In the process of bisection, I nominated the following kernels as being
'bad'. They also booted fine, but the xserver would fail to start. I
have attached the error messages generated by xorg.

# kernel boots; Xorg won't start.
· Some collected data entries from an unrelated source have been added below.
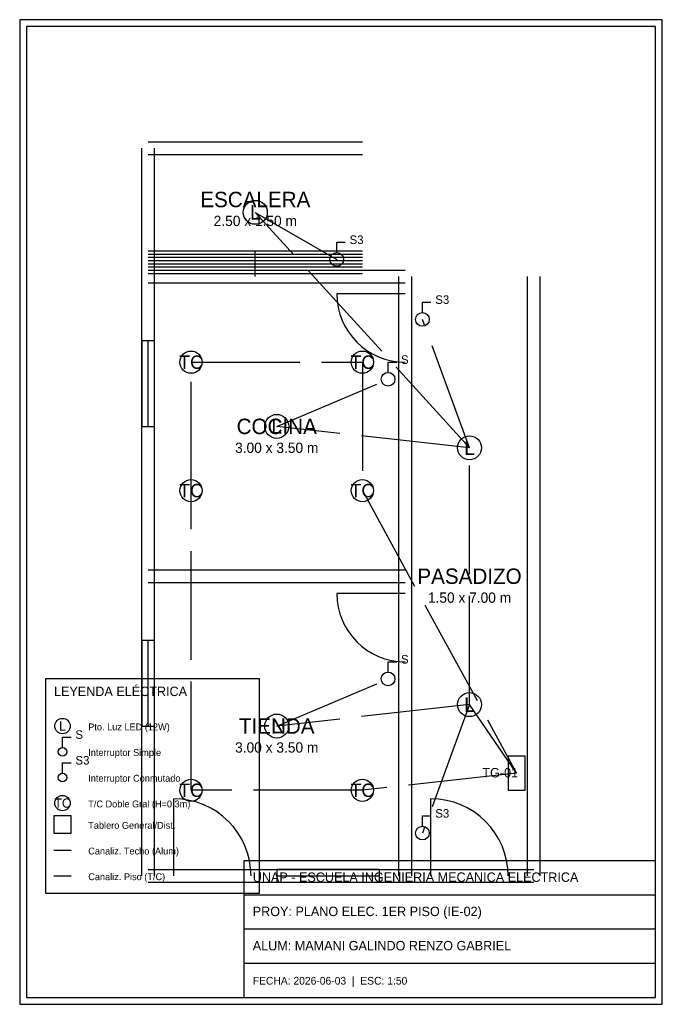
# Model space of a CAD drawing. Header units: metres. Extents: x -1.5 to 6, y -1.5 to 10.
import ezdxf
from ezdxf.enums import TextEntityAlignment as Align

# ---------------------------------------------------------------- set-up
doc = ezdxf.new("R2010")
doc.units = ezdxf.units.M
doc.linetypes.add('DASHED', pattern=[1.524, 1.27, -0.254])
for name, color, linetype in [('ELEC_ALUMBRADO', 3, 'Continuous'), ('ELEC_CONDUIT', 3, 'Continuous'), ('ELEC_TOMACORRIENTES', 6, 'Continuous'), ('ESCALERAS', 8, 'Continuous'), ('MARCO', 7, 'Continuous'), ('MUROS', 8, 'Continuous'), ('PUERTAS', 8, 'Continuous'), ('TEXTOS', 8, 'Continuous'), ('VENTANAS', 8, 'Continuous')]:
    doc.layers.add(name, color=color, linetype=linetype)

msp = doc.modelspace()

# ---------------------------------------------------------------- linework, layer by layer
at = {"layer": 'ELEC_ALUMBRADO', "color": 3}
for p, q in [((2.2, 7.28), (2.2, 7.4)), ((2.2, 7.4), (2.3, 7.4)), ((3.2, 6.58), (3.2, 6.7)), ((3.2, 6.7), (3.3, 6.7)), ((2.8, 5.88), (2.8, 6)), ((2.8, 6), (2.9, 6)), ((2.8, 2.38), (2.8, 2.5)), ((2.8, 2.5), (2.9, 2.5)), ((3.2, 0.58), (3.2, 0.7)), ((3.2, 0.7), (3.3, 0.7))]:
    msp.add_line(p, q, dxfattribs=at)
at = {"layer": 'ELEC_ALUMBRADO', "color": 1}
msp.add_lwpolyline([(4.2, 1), (4.4, 1), (4.4, 1.4), (4.2, 1.4)], close=True, dxfattribs=at)
at = {"layer": 'ELEC_ALUMBRADO', "color": 3}
for centre, radius in [((1.25, 7.75), 0.14), ((2.2, 7.2), 0.08), ((3.2, 6.5), 0.08), ((2.8, 5.8), 0.08), ((1.5, 5.25), 0.14), ((3.75, 5), 0.14), ((2.8, 2.3), 0.08), ((3.75, 2), 0.14), ((1.5, 1.75), 0.14), ((3.2, 0.5), 0.08)]:
    msp.add_circle(centre, radius, dxfattribs=at)
at = {"layer": 'ELEC_CONDUIT', "color": 3, "linetype": 'DASHED'}
for p, q in [((3.75, 5), (1.25, 7.75)), ((1.25, 7.75), (2.2, 7.2)), ((3.75, 5), (3.2, 6.5)), ((1.5, 5.25), (2.8, 5.8)), ((3.75, 5), (1.5, 5.25)), ((3.75, 2), (3.75, 5)), ((1.5, 1.75), (2.8, 2.3)), ((3.75, 2), (1.5, 1.75)), ((3.75, 2), (3.2, 0.5)), ((4.3, 1.2), (3.75, 2))]:
    msp.add_line(p, q, dxfattribs=at)
at = {"layer": 'ELEC_CONDUIT', "color": 6, "linetype": 'DASHED'}
for p, q in [((0.5, 4.5), (0.5, 6)), ((0.5, 6), (2.5, 6)), ((2.5, 6), (2.5, 4.5)), ((0.5, 1), (0.5, 4.5)), ((2.5, 4.5), (4.3, 1.2)), ((4.3, 1.2), (2.5, 1)), ((2.5, 1), (0.5, 1))]:
    msp.add_line(p, q, dxfattribs=at)
at = {"layer": 'ELEC_TOMACORRIENTES', "color": 6}
for centre in [(0.5, 6), (2.5, 6), (0.5, 4.5), (2.5, 4.5), (0.5, 1), (2.5, 1)]:
    msp.add_circle(centre, 0.13, dxfattribs=at)
at = {"layer": 'ESCALERAS', "color": 8}
for p, q in [((0, 7.3), (2.5, 7.3)), ((0, 7.2625), (1.25, 7.2625)), ((1.25, 7), (1.25, 7.3)), ((1.25, 7.2625), (2.5, 7.2625)), ((0, 7.225), (1.25, 7.225)), ((0, 7.1875), (1.25, 7.1875)), ((0, 7.15), (1.25, 7.15)), ((1.25, 7.225), (2.5, 7.225)), ((1.25, 7.1875), (2.5, 7.1875)), ((1.25, 7.15), (2.5, 7.15)), ((0, 7.1125), (1.25, 7.1125)), ((0, 7.075), (1.25, 7.075)), ((0, 7.0375), (1.25, 7.0375)), ((1.25, 7.1125), (2.5, 7.1125)), ((1.25, 7.075), (2.5, 7.075)), ((1.25, 7.0375), (2.5, 7.0375))]:
    msp.add_line(p, q, dxfattribs=at)
at = {"layer": 'MARCO', "color": 7}
for p, q in [((6, 10), (-1.5, 10)), ((-1.5, 10), (-1.5, -1.5)), ((5.92, 9.92), (-1.42, 9.92)), ((-1.42, 9.92), (-1.42, -1.42)), ((5.92, -1.42), (5.92, 9.92)), ((6, -1.5), (6, 10)), ((1.12, -1.42), (1.12, 0.18)), ((1.12, 0.18), (5.92, 0.18)), ((1.12, -0.22), (5.92, -0.22)), ((1.12, -0.62), (5.92, -0.62)), ((1.12, -1.02), (5.92, -1.02)), ((-1.42, -1.42), (5.92, -1.42)), ((-1.5, -1.5), (6, -1.5))]:
    msp.add_line(p, q, dxfattribs=at)
at = {"layer": 'MUROS', "color": 8}
for p, q in [((0, 8.575), (2.5, 8.575)), ((-0.075, 7), (-0.075, 8.5)), ((0, 8.425), (2.5, 8.425)), ((0.075, 7), (0.075, 8.5)), ((0, 7.075), (3, 7.075)), ((0, 7.075), (2.5, 7.075)), ((-0.075, 3.5), (-0.075, 7)), ((0, 6.925), (3, 6.925)), ((0, 6.925), (2.5, 6.925)), ((0.075, 3.5), (0.075, 7)), ((2.925, 3.5), (2.925, 7)), ((2.925, 0), (2.925, 7)), ((3.075, 3.5), (3.075, 7)), ((3.075, 0), (3.075, 7)), ((4.425, 0), (4.425, 7)), ((4.575, 0), (4.575, 7)), ((0, 3.575), (3, 3.575)), ((-0.075, 0), (-0.075, 3.5)), ((0.075, 0), (0.075, 3.5)), ((2.925, 0), (2.925, 3.5)), ((3.075, 0), (3.075, 3.5)), ((0, 3.425), (3, 3.425)), ((0, 0.075), (3, 0.075)), ((3, 0.075), (4.5, 0.075)), ((0, -0.075), (3, -0.075)), ((3, -0.075), (4.5, -0.075))]:
    msp.add_line(p, q, dxfattribs=at)
at = {"layer": 'PUERTAS', "color": 2}
for p, q in [((3, 6.8), (2.2, 6.8)), ((3, 3.3), (2.2, 3.3)), ((0.3, 0), (0.3, 0.9)), ((3.3, 0), (3.3, 0.9))]:
    msp.add_line(p, q, dxfattribs=at)
for centre, radius, start, end in [((3, 6.8), 0.8, 180, 270), ((3, 3.3), 0.8, 180, 270), ((0.3, 0), 0.9, 0, 90), ((3.3, 0), 0.9, 0, 90)]:
    msp.add_arc(centre, radius, start, end, dxfattribs=at)
at = {"layer": 'TEXTOS', "color": 3}
for p, q in [((-1, 1.5), (-1, 1.62)), ((-1, 1.62), (-0.9, 1.62)), ((-1, 1.2), (-1, 1.32)), ((-1, 1.32), (-0.9, 1.32))]:
    msp.add_line(p, q, dxfattribs=at)
at = {"layer": 'TEXTOS', "color": 3, "linetype": 'DASHED'}
msp.add_line((-1.1, 0.3), (-0.9, 0.3), dxfattribs=at)
at = {"layer": 'TEXTOS', "color": 6, "linetype": 'DASHED'}
msp.add_line((-1.1, 0), (-0.9, 0), dxfattribs=at)
at = {"layer": 'TEXTOS', "color": 8}
msp.add_lwpolyline([(-1.2, -0.2), (1.3, -0.2), (1.3, 2.3), (-1.2, 2.3)], close=True, dxfattribs=at)
at = {"layer": 'TEXTOS', "color": 1}
msp.add_lwpolyline([(-1.1, 0.5), (-0.9, 0.5), (-0.9, 0.7), (-1.1, 0.7)], close=True, dxfattribs=at)
at = {"layer": 'TEXTOS', "color": 3}
for centre, radius in [((-1, 1.75), 0.09), ((-1, 1.45), 0.05), ((-1, 1.15), 0.05)]:
    msp.add_circle(centre, radius, dxfattribs=at)
at = {"layer": 'TEXTOS', "color": 6}
msp.add_circle((-1, 0.85), 0.09, dxfattribs=at)
at = {"layer": 'VENTANAS', "color": 4}
for p, q in [((0.075, 6.25), (-0.075, 6.25)), ((-0.075, 6.25), (-0.075, 5.25)), ((0, 5.25), (0, 6.25)), ((0.075, 5.25), (0.075, 6.25)), ((-0.075, 5.25), (0.075, 5.25)), ((0.075, 2.75), (-0.075, 2.75)), ((-0.075, 2.75), (-0.075, 1.75)), ((0, 1.75), (0, 2.75)), ((0.075, 1.75), (0.075, 2.75)), ((-0.075, 1.75), (0.075, 1.75)), ((2.7, 0.075), (1.5, 0.075)), ((1.5, 0.075), (1.5, -0.075)), ((1.5, 0), (2.7, 0)), ((2.7, -0.075), (2.7, 0.075)), ((1.5, -0.075), (2.7, -0.075))]:
    msp.add_line(p, q, dxfattribs=at)

# ---------------------------------------------------------------- texts
at = {"layer": 'ELEC_ALUMBRADO', "color": 3}
for p in [(1.25, 7.75), (1.5, 5.25), (3.75, 5), (3.75, 2), (1.5, 1.75)]:
    msp.add_text('L', height=0.168, dxfattribs=at).set_placement(p, align=Align.MIDDLE_CENTER)
for s, p in [('S3', (2.35, 7.38)), ('S3', (3.35, 6.68)), ('S', (2.95, 5.98)), ('S', (2.95, 2.48)), ('S3', (3.35, 0.68))]:
    msp.add_text(s, height=0.1, dxfattribs=at).set_placement(p)
at = {"layer": 'ELEC_ALUMBRADO', "color": 1}
msp.add_text('TG-01', height=0.11, dxfattribs=at).set_placement((3.9, 1.15))
at = {"layer": 'ELEC_TOMACORRIENTES', "color": 6}
for p in [(0.5, 6), (2.5, 6), (0.5, 4.5), (2.5, 4.5), (0.5, 1), (2.5, 1)]:
    msp.add_text('TC', height=0.156, dxfattribs=at).set_placement(p, align=Align.MIDDLE_CENTER)
at = {"layer": 'TEXTOS', "color": 8}
for s, height, p in [('ESCALERA', 0.18, (1.25, 7.9)), ('2.50 x 1.50 m', 0.12, (1.25, 7.65)), ('COCINA', 0.18, (1.5, 5.25)), ('3.00 x 3.50 m', 0.12, (1.5, 5)), ('PASADIZO', 0.18, (3.75, 3.5)), ('1.50 x 7.00 m', 0.12, (3.75, 3.25)), ('TIENDA', 0.18, (1.5, 1.75)), ('3.00 x 3.50 m', 0.12, (1.5, 1.5))]:
    msp.add_text(s, height=height, dxfattribs=at).set_placement(p, align=Align.MIDDLE_CENTER)
at = {"layer": 'TEXTOS', "color": 7}
for s, height, p in [('LEYENDA ELÉCTRICA', 0.11, (-1.1, 2.1)), ('Pto. Luz LED (12W)', 0.08, (-0.7, 1.7)), ('Interruptor Simple', 0.08, (-0.7, 1.4)), ('Interruptor Conmutado', 0.08, (-0.7, 1.1)), ('T/C Doble Gral (H=0.3m)', 0.08, (-0.7, 0.8)), ('Tablero General/Dist.', 0.08, (-0.7, 0.55)), ('Canaliz. Techo (Alum)', 0.08, (-0.7, 0.25)), ('Canaliz. Piso (T/C)', 0.08, (-0.7, -0.05)), ('UNAP - ESCUELA INGENIERIA MECANICA ELECTRICA', 0.11, (1.22, -0.07)), ('PROY: PLANO ELEC. 1ER PISO (IE-02)', 0.11, (1.22, -0.47)), ('ALUM: MAMANI GALINDO RENZO GABRIEL', 0.11, (1.22, -0.87)), ('FECHA: 2026-06-03  |  ESC: 1:50', 0.09, (1.22, -1.27))]:
    msp.add_text(s, height=height, dxfattribs=at).set_placement(p)
at = {"layer": 'TEXTOS', "color": 3}
msp.add_text('L', height=0.108, dxfattribs=at).set_placement((-1, 1.75), align=Align.MIDDLE_CENTER)
for s, p in [('S', (-0.85, 1.6)), ('S3', (-0.85, 1.3))]:
    msp.add_text(s, height=0.1, dxfattribs=at).set_placement(p)
at = {"layer": 'TEXTOS', "color": 6}
msp.add_text('TC', height=0.108, dxfattribs=at).set_placement((-1, 0.85), align=Align.MIDDLE_CENTER)

doc.saveas('drawing.dxf')

See Xorg_err.log attached.
5.3.0-rc3-01537-g6a3068065fa4
5.3.0-rc3-00782-gb0383c0653c4
5.3.0-rc1-00391-g54fc01b775fe
5.3.0-rc1-00366-g2e3c9ec4d151
5.3.0-rc1-00365-gb96f3e7c8069

Today, I upgraded the kernel to 5.3.0-next-20190919, which booted fine
with no Xorg regressions to report.

Just wondering if the earlier kernels would not boot for me because of
the changes introduced by the 'bad' commits being perhaps incomplete?

Thanks to all of you for the tips on how proceed with bisection.